Purpose of the Study:
- To design, implement, and validate a multi-stage post-processing pipeline for automatic ghost artifact removal in pediatric spinal cord DTI.
- To improve the diagnostic utility of DTI by enhancing image clarity and reducing motion-related artifacts.
Main Methods:
- A cohort of 12 pediatric subjects (healthy and with spinal cord injury) was studied.
- Region of interests (ROIs) of ghost/true cords were segmented using mathematical morphological processing.
- Texture features were extracted and selected based on mutual information, then classified using an adaptive neuro-fuzzy interface system.
Main Results:
- The pipeline successfully separated ghost artifacts from true cord structures.
- The classifier achieved 91% sensitivity, 79% specificity, and 84% accuracy in distinguishing true cords from ghost artifacts.
Conclusions:
- The proposed method shows promise for automatic ghost artifact detection in spinal cord DTI.

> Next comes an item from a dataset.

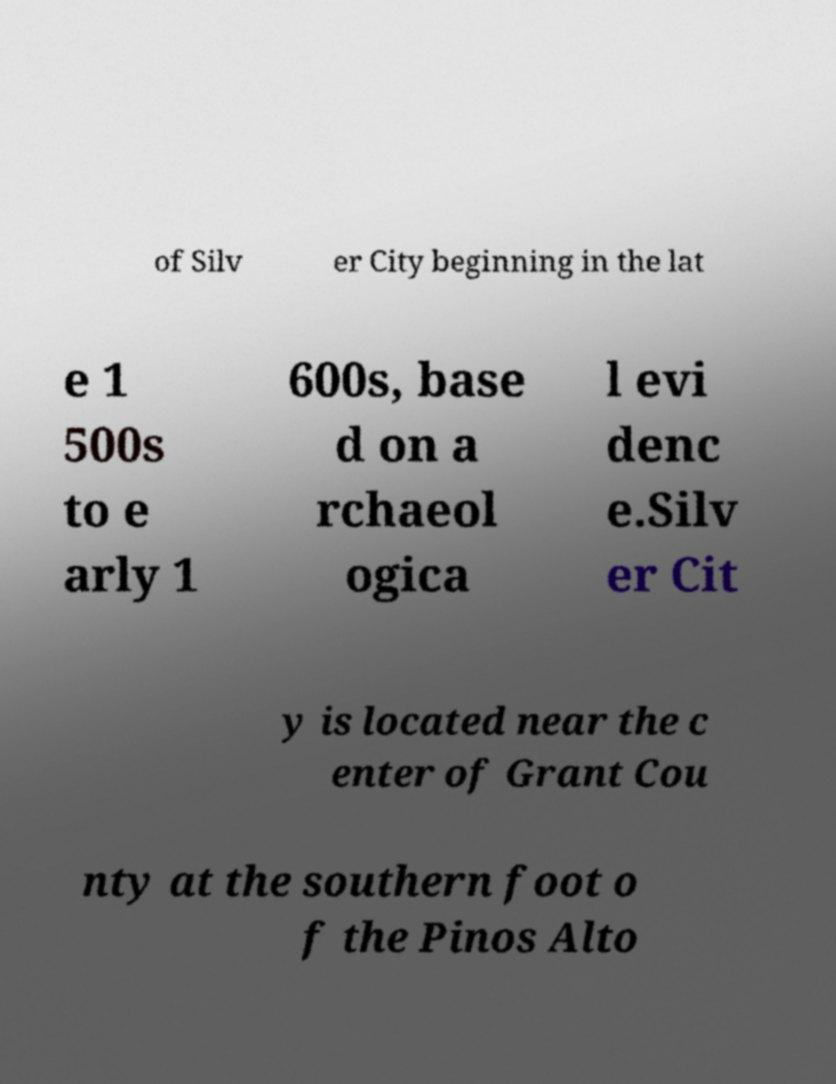There's text embedded in this image that I need extracted. Can you transcribe it verbatim? of Silv er City beginning in the lat e 1 500s to e arly 1 600s, base d on a rchaeol ogica l evi denc e.Silv er Cit y is located near the c enter of Grant Cou nty at the southern foot o f the Pinos Alto 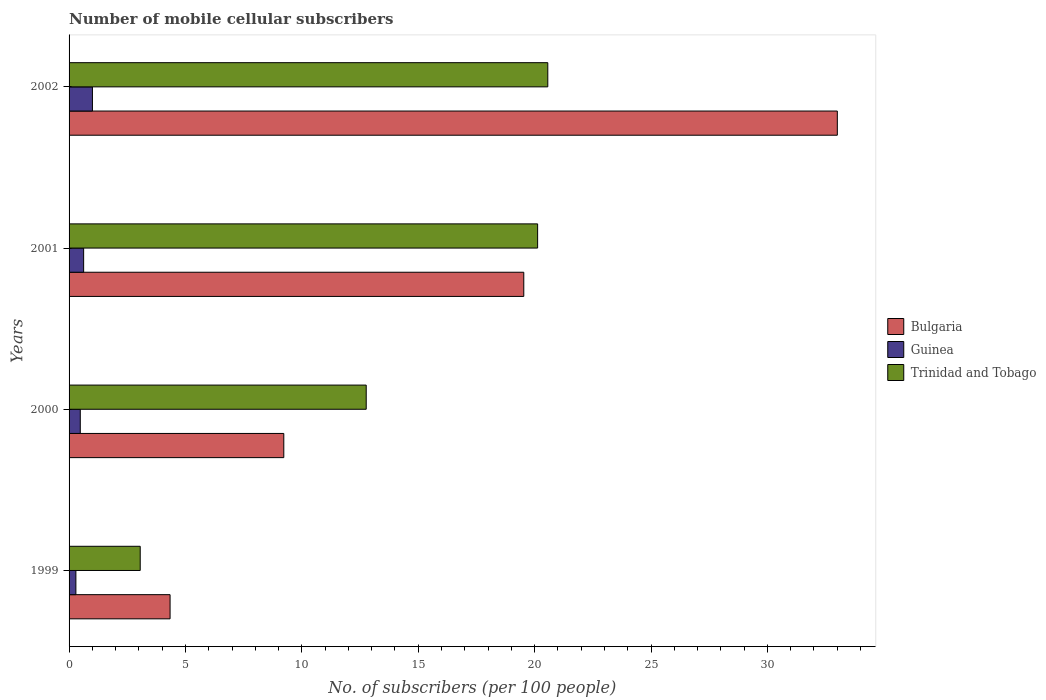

- This automated approach is a crucial step towards developing robust post-processing pipelines for DTI analysis.
Purpose:
Ghost artifacts are a major contributor to degradation of spinal cord diffusion tensor images. A multi-stage post-processing pipeline was designed, implemented and validated to automatically remove ghost artifacts arising from reduced field of view diffusion tensor imaging (DTI) of the pediatric spinal cord.
Method:
A total of 12 pediatric subjects including 7 healthy subjects (mean age=11.34years) with no evidence of spinal cord injury or pathology and 5 patients (mean age=10.96years) with cervical spinal cord injury were studied. Ghost/true cords, labeled as region of interests (ROIs), in non-diffusion weighted b0 images were segmented automatically using mathematical morphological processing. Initially, 21 texture features were extracted from each segmented ROI including 5 first-order features based on the histogram of the image (mean, variance, skewness, kurtosis and entropy) and 16s-order feature vector elements, incorporating four statistical measures (contrast, correlation, homogeneity and energy) calculated from co-occurrence matrices in directions of 0°, 45°, 90° and 135°. Next, ten features with a high value of mutual information (MI) relative to the pre-defined target class and within the features were selected as final features which were input to a trained classifier (adaptive neuro-fuzzy interface system) to separate the true cord from the ghost cord.
Results:
The implemented pipeline was successfully able to separate the ghost artifacts from true cord structures. The results obtained from the classifier showed a sensitivity of 91%, specificity of 79%, and accuracy of 84% in separating the true cord from ghost artifacts.
Conclusion:
The results show that the proposed method is promising for the automatic detection of ghost cords present in DTI images of the spinal cord. This step is crucial towards development of accurate, automatic DTI spinal cord post processing pipelines.